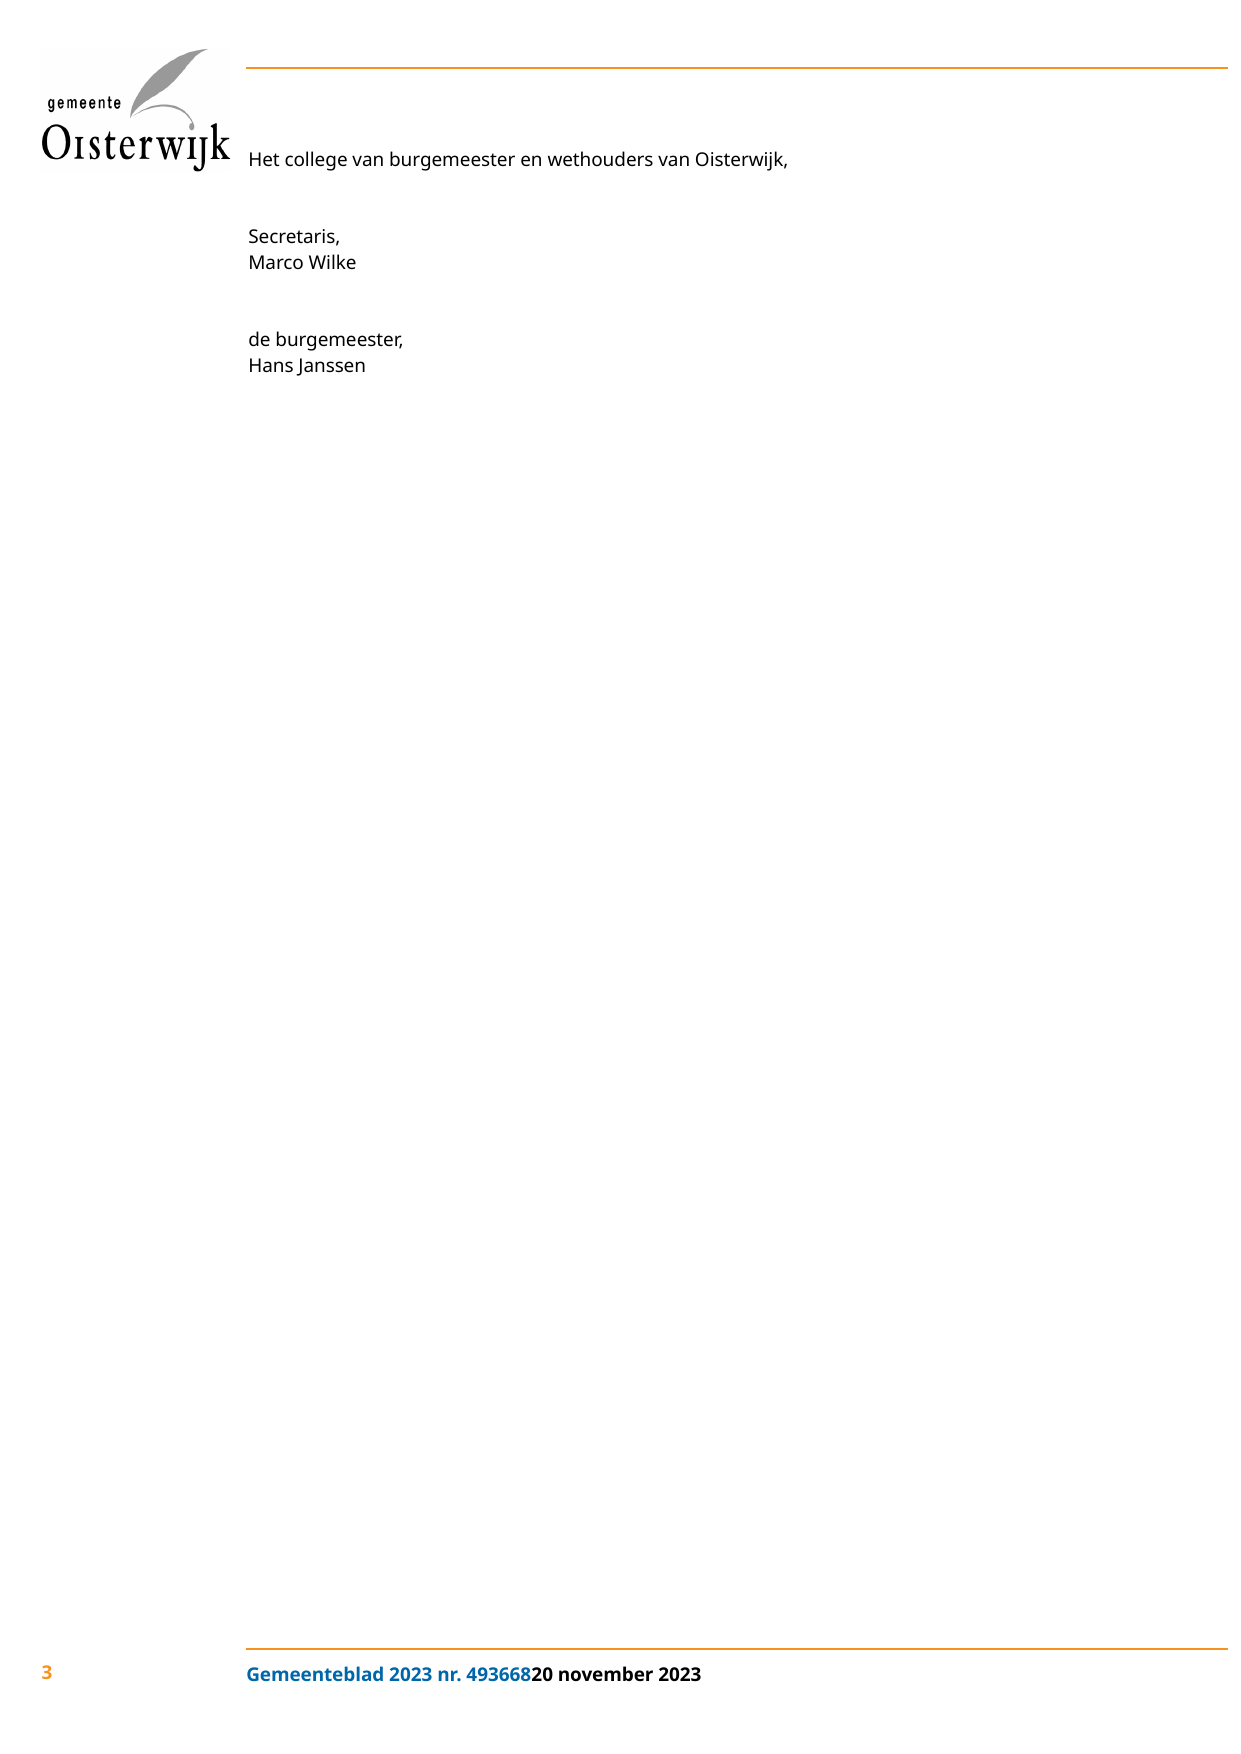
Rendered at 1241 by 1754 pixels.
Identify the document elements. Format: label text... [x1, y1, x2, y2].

text Het college van burgemeester en wethouders van Oisterwijk, [248, 146, 1152, 172]
text Marco Wilke [248, 249, 1152, 275]
text de burgemeester, [248, 326, 1152, 352]
picture [41, 47, 231, 172]
text Hans Janssen [248, 352, 1152, 378]
text Secretaris, [248, 223, 1152, 249]
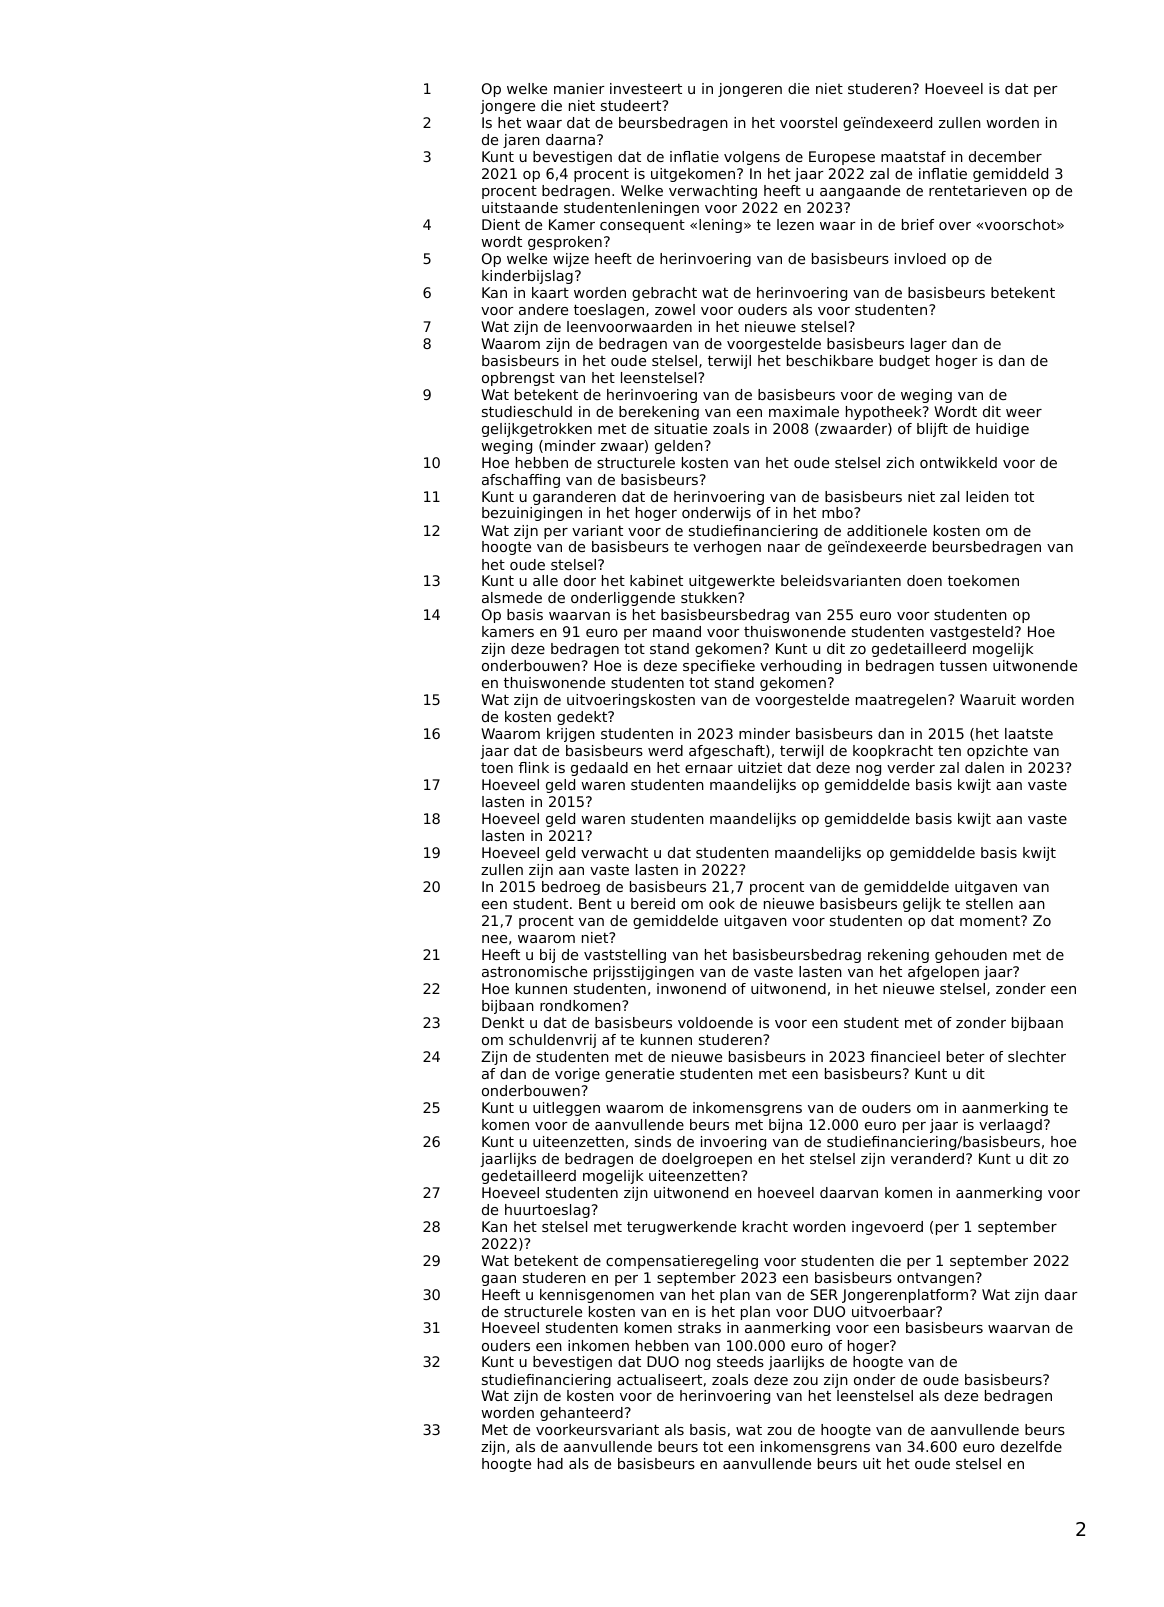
____________________
Exercise: Return the material in full and unaltered, minus its pictures.

Exercise answer:
Rendered at 1241 by 1754 pixels.
Identify the document elements. Format: label text... [x1, y1, x2, y2].

text Het college van burgemeester en wethouders van Oisterwijk, [248, 146, 1152, 172]
text Marco Wilke [248, 249, 1152, 275]
text de burgemeester, [248, 326, 1152, 352]
picture [41, 47, 231, 172]
text Hans Janssen [248, 352, 1152, 378]
text Secretaris, [248, 223, 1152, 249]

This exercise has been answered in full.